Menurut Anies, peran dari sistem tata kelola dan kepemimpinan dalam perkotaan juga sangat penting dalam upaya menanggulangi Covid-19 ataupun kriris iklim. Oleh karena itu, pihak-pihak yang mengelola perkotaan perlu dilibatkan dalam berbagai diskusi dan diplomasi perubahan iklim di tingkat global, seperti Perjanjian Paris (Persetujuan Paris/Paris Agreement) ataupun agenda pembangunan berkelanjutan lainnya.
Tidak akan ada solusi bagi perubahan iklim jika kota-kota di dunia tidak dilibatkan. Jadi, perkotaan harus turut berperan mengurangi emisi karbon di samping memberikan pelayanan terbaik bagi masyarakat.
Pemerintah kota juga dianggap sebagai entitas yang sangat penting untuk membangun masa depan yang lebih berkelanjutan. Semua hal tersebut membuat kota-kota di dunia berperan penting dalam mengurangi emisi gas rumah kaca secara global dalam tingkat lokal.
Selain itu, kata Anies, kota juga terus berubah dan bertransformasi ke arah yang lebih baik. Dalam forum Urban 20 Mayors Summit bulan lalu, Pemerintah Provinsi DKI Jakarta telah menyampaikan pandangan terkait kondisi pascapandemi sehingga kota-kota dapat mengantisipasi tantangan yang akan dihadapi ke depan.
Setelah pandemi selesai, Anies memandang bahwa kebutuhan terhadap perumahan yang menunjang produktivitas penghuni akan semakin besar. Sebab, selama pandemi terjadi fenomena yang membuat semua pekerja diharuskan bekerja dari rumah. Untuk itu, ke depan perlu penyediaan perumahan dengan harga terjangkau.
Kondisi selama pandemi, diakui, menyebabkan industri properti mengalami penurunan sehingga kota perlu turut memikirkan masa depan industri ini. Di sisi lain, kota juga harus menyiapkan akses mobilitas berkelanjutan untuk semua masyarakat.
”Kami juga melihat bahwa kota perlu menyikapi transformasi dari sektor lapangan pekerjaan dan peningkatan jumlah anak-anak yatim piatu atau telantar setelah pandemi. Selain itu, selama pandemi, interaksi sosial di masyarakat juga menurun karena kebijakan karantina dan hal ini perlu disikapi bersama,” ucapnya.
Presiden dan CEO World Resources Institute (WRI) Aniruddha Dasgupta mengatakan, tingginya populasi penduduk di perkotaan membuat kota-kota di dunia harus menjadi wilayah yang sehat dengan udara yang bersih sehingga anak-anak juga bisa tumbuh dengan baik. Alasan lain, kota perlu dilibatkan dalam upaya penanggulangan perubahan iklim, yaitu fakta tentang 70 persen produk domestik bruto dunia yang datang dari ekonomi perkotaan.

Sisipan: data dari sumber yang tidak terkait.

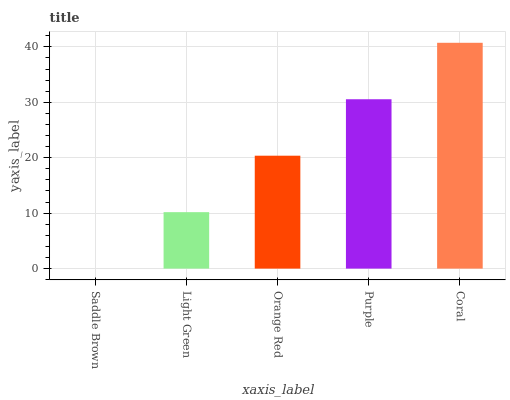Is Saddle Brown the minimum?
Answer yes or no. Yes. Is Coral the maximum?
Answer yes or no. Yes. Is Light Green the minimum?
Answer yes or no. No. Is Light Green the maximum?
Answer yes or no. No. Is Light Green greater than Saddle Brown?
Answer yes or no. Yes. Is Saddle Brown less than Light Green?
Answer yes or no. Yes. Is Saddle Brown greater than Light Green?
Answer yes or no. No. Is Light Green less than Saddle Brown?
Answer yes or no. No. Is Orange Red the high median?
Answer yes or no. Yes. Is Orange Red the low median?
Answer yes or no. Yes. Is Purple the high median?
Answer yes or no. No. Is Coral the low median?
Answer yes or no. No. 
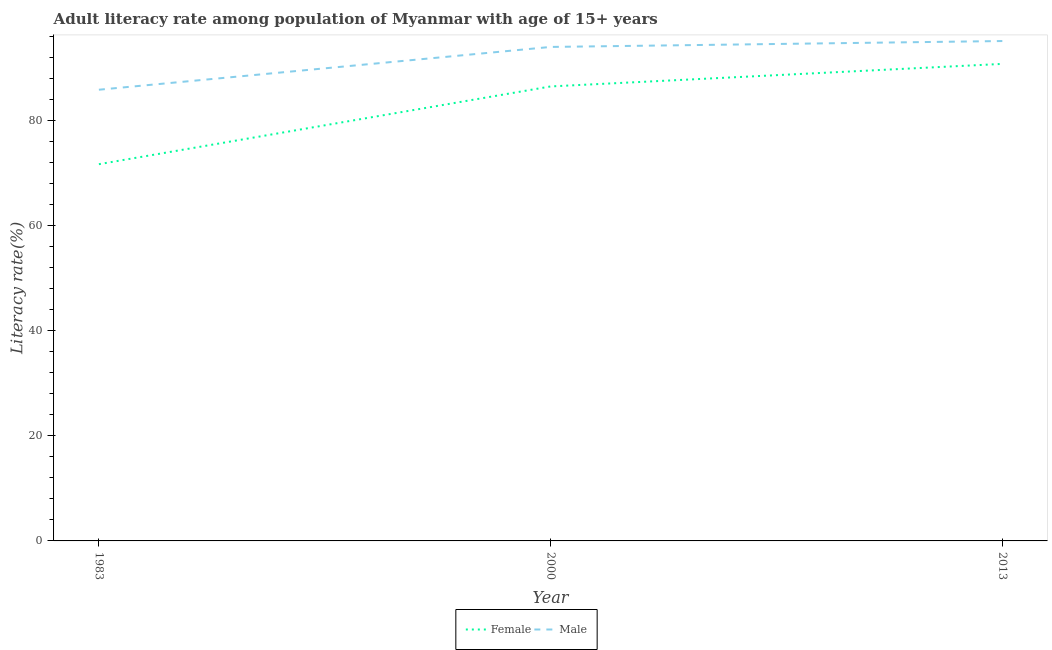Is the number of lines equal to the number of legend labels?
Ensure brevity in your answer.  Yes. What is the female adult literacy rate in 2013?
Ensure brevity in your answer.  90.7. Across all years, what is the maximum female adult literacy rate?
Give a very brief answer. 90.7. Across all years, what is the minimum female adult literacy rate?
Keep it short and to the point. 71.63. In which year was the male adult literacy rate maximum?
Your answer should be compact. 2013. What is the total female adult literacy rate in the graph?
Your answer should be compact. 248.75. What is the difference between the female adult literacy rate in 2000 and that in 2013?
Your answer should be compact. -4.29. What is the difference between the female adult literacy rate in 2013 and the male adult literacy rate in 1983?
Your answer should be compact. 4.91. What is the average male adult literacy rate per year?
Your response must be concise. 91.59. In the year 1983, what is the difference between the male adult literacy rate and female adult literacy rate?
Give a very brief answer. 14.16. In how many years, is the male adult literacy rate greater than 20 %?
Ensure brevity in your answer.  3. What is the ratio of the male adult literacy rate in 2000 to that in 2013?
Your response must be concise. 0.99. What is the difference between the highest and the second highest male adult literacy rate?
Ensure brevity in your answer.  1.12. What is the difference between the highest and the lowest male adult literacy rate?
Give a very brief answer. 9.26. Is the sum of the female adult literacy rate in 1983 and 2000 greater than the maximum male adult literacy rate across all years?
Your answer should be very brief. Yes. Does the male adult literacy rate monotonically increase over the years?
Offer a terse response. Yes. Is the male adult literacy rate strictly greater than the female adult literacy rate over the years?
Make the answer very short. Yes. Is the female adult literacy rate strictly less than the male adult literacy rate over the years?
Keep it short and to the point. Yes. How many lines are there?
Offer a terse response. 2. What is the difference between two consecutive major ticks on the Y-axis?
Provide a short and direct response. 20. Are the values on the major ticks of Y-axis written in scientific E-notation?
Your response must be concise. No. Does the graph contain grids?
Offer a very short reply. No. How many legend labels are there?
Your answer should be very brief. 2. How are the legend labels stacked?
Your answer should be very brief. Horizontal. What is the title of the graph?
Your answer should be compact. Adult literacy rate among population of Myanmar with age of 15+ years. Does "Export" appear as one of the legend labels in the graph?
Ensure brevity in your answer.  No. What is the label or title of the X-axis?
Your answer should be very brief. Year. What is the label or title of the Y-axis?
Your response must be concise. Literacy rate(%). What is the Literacy rate(%) of Female in 1983?
Keep it short and to the point. 71.63. What is the Literacy rate(%) in Male in 1983?
Keep it short and to the point. 85.79. What is the Literacy rate(%) in Female in 2000?
Offer a very short reply. 86.42. What is the Literacy rate(%) of Male in 2000?
Your response must be concise. 93.92. What is the Literacy rate(%) in Female in 2013?
Provide a short and direct response. 90.7. What is the Literacy rate(%) in Male in 2013?
Provide a short and direct response. 95.05. Across all years, what is the maximum Literacy rate(%) in Female?
Your response must be concise. 90.7. Across all years, what is the maximum Literacy rate(%) in Male?
Offer a terse response. 95.05. Across all years, what is the minimum Literacy rate(%) of Female?
Keep it short and to the point. 71.63. Across all years, what is the minimum Literacy rate(%) of Male?
Ensure brevity in your answer.  85.79. What is the total Literacy rate(%) of Female in the graph?
Provide a short and direct response. 248.75. What is the total Literacy rate(%) of Male in the graph?
Provide a succinct answer. 274.76. What is the difference between the Literacy rate(%) in Female in 1983 and that in 2000?
Offer a very short reply. -14.78. What is the difference between the Literacy rate(%) of Male in 1983 and that in 2000?
Provide a short and direct response. -8.14. What is the difference between the Literacy rate(%) in Female in 1983 and that in 2013?
Give a very brief answer. -19.07. What is the difference between the Literacy rate(%) in Male in 1983 and that in 2013?
Ensure brevity in your answer.  -9.26. What is the difference between the Literacy rate(%) in Female in 2000 and that in 2013?
Give a very brief answer. -4.29. What is the difference between the Literacy rate(%) of Male in 2000 and that in 2013?
Provide a short and direct response. -1.12. What is the difference between the Literacy rate(%) in Female in 1983 and the Literacy rate(%) in Male in 2000?
Ensure brevity in your answer.  -22.29. What is the difference between the Literacy rate(%) of Female in 1983 and the Literacy rate(%) of Male in 2013?
Provide a short and direct response. -23.42. What is the difference between the Literacy rate(%) in Female in 2000 and the Literacy rate(%) in Male in 2013?
Make the answer very short. -8.63. What is the average Literacy rate(%) of Female per year?
Offer a terse response. 82.92. What is the average Literacy rate(%) in Male per year?
Keep it short and to the point. 91.59. In the year 1983, what is the difference between the Literacy rate(%) in Female and Literacy rate(%) in Male?
Keep it short and to the point. -14.16. In the year 2000, what is the difference between the Literacy rate(%) in Female and Literacy rate(%) in Male?
Your response must be concise. -7.51. In the year 2013, what is the difference between the Literacy rate(%) of Female and Literacy rate(%) of Male?
Ensure brevity in your answer.  -4.35. What is the ratio of the Literacy rate(%) in Female in 1983 to that in 2000?
Keep it short and to the point. 0.83. What is the ratio of the Literacy rate(%) of Male in 1983 to that in 2000?
Ensure brevity in your answer.  0.91. What is the ratio of the Literacy rate(%) in Female in 1983 to that in 2013?
Offer a very short reply. 0.79. What is the ratio of the Literacy rate(%) of Male in 1983 to that in 2013?
Provide a succinct answer. 0.9. What is the ratio of the Literacy rate(%) of Female in 2000 to that in 2013?
Offer a very short reply. 0.95. What is the ratio of the Literacy rate(%) of Male in 2000 to that in 2013?
Provide a short and direct response. 0.99. What is the difference between the highest and the second highest Literacy rate(%) of Female?
Keep it short and to the point. 4.29. What is the difference between the highest and the second highest Literacy rate(%) in Male?
Ensure brevity in your answer.  1.12. What is the difference between the highest and the lowest Literacy rate(%) of Female?
Offer a terse response. 19.07. What is the difference between the highest and the lowest Literacy rate(%) of Male?
Your answer should be very brief. 9.26.

”Tidak akan ada solusi bagi perubahan iklim jika kota-kota di dunia tidak dilibatkan. Jadi, perkotaan harus turut berperan mengurangi emisi karbon di samping memberikan pelayanan terbaik bagi masyarakat. Hal terpenting yang harus disiapkan ialah inovasi, produktivitas, lapangan pekerjaan, pendidikan, dan pelayanan kesehatan,” katanya.

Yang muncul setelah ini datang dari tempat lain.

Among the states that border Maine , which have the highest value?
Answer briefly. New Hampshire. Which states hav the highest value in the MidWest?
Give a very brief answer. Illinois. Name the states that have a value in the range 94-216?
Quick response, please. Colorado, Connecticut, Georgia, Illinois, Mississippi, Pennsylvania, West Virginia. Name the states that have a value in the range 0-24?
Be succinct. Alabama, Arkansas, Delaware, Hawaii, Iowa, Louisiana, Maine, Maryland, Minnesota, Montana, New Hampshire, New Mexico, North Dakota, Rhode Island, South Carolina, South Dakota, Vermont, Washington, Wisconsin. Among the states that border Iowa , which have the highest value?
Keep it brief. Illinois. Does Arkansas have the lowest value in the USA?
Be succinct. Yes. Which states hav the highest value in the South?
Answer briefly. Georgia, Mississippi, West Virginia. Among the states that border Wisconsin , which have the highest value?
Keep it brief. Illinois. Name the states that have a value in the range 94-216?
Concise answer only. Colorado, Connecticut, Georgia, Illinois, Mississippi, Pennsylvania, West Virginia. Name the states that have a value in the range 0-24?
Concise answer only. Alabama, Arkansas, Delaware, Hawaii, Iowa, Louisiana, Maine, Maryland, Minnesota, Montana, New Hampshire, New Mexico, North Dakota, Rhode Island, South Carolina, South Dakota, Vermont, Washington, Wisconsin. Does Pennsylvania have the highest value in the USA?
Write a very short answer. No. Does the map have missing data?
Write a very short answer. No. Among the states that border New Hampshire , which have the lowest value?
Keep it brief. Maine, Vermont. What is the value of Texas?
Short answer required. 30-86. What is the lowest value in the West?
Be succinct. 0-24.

Aniruddha sepakat bahwa pandemi telah membuka mata semua pihak terkait ketimpangan masyarakat di berbagai dunia. Masyarakat miskin menjadi yang paling terdampak pandemi. Oleh karena itu, pemerintah kota harus mengatasi permasalahan yang ditinggalkan setelah pandemi sekaligus menanggulangi perubahan iklim secara paralel.

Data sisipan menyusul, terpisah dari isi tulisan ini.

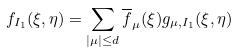<formula> <loc_0><loc_0><loc_500><loc_500>f _ { I _ { 1 } } ( \xi , \eta ) = \sum _ { | \mu | \leq d } { \overline { f } _ { \mu } ( \xi ) g _ { \mu , I _ { 1 } } ( \xi , \eta ) }</formula>

”Kita terkadang tidak memiliki sumber daya yang memadai sehingga perlu mengambil solusi yang cerdas untuk mengatasi permasalahan ini secara bersamaan. Lebih dari 5.000 kota di dunia harus mentransformasikan visi baru dengan melibatkan swasta dan pemangku kepentingan lainnya,” katanya, menambahkan.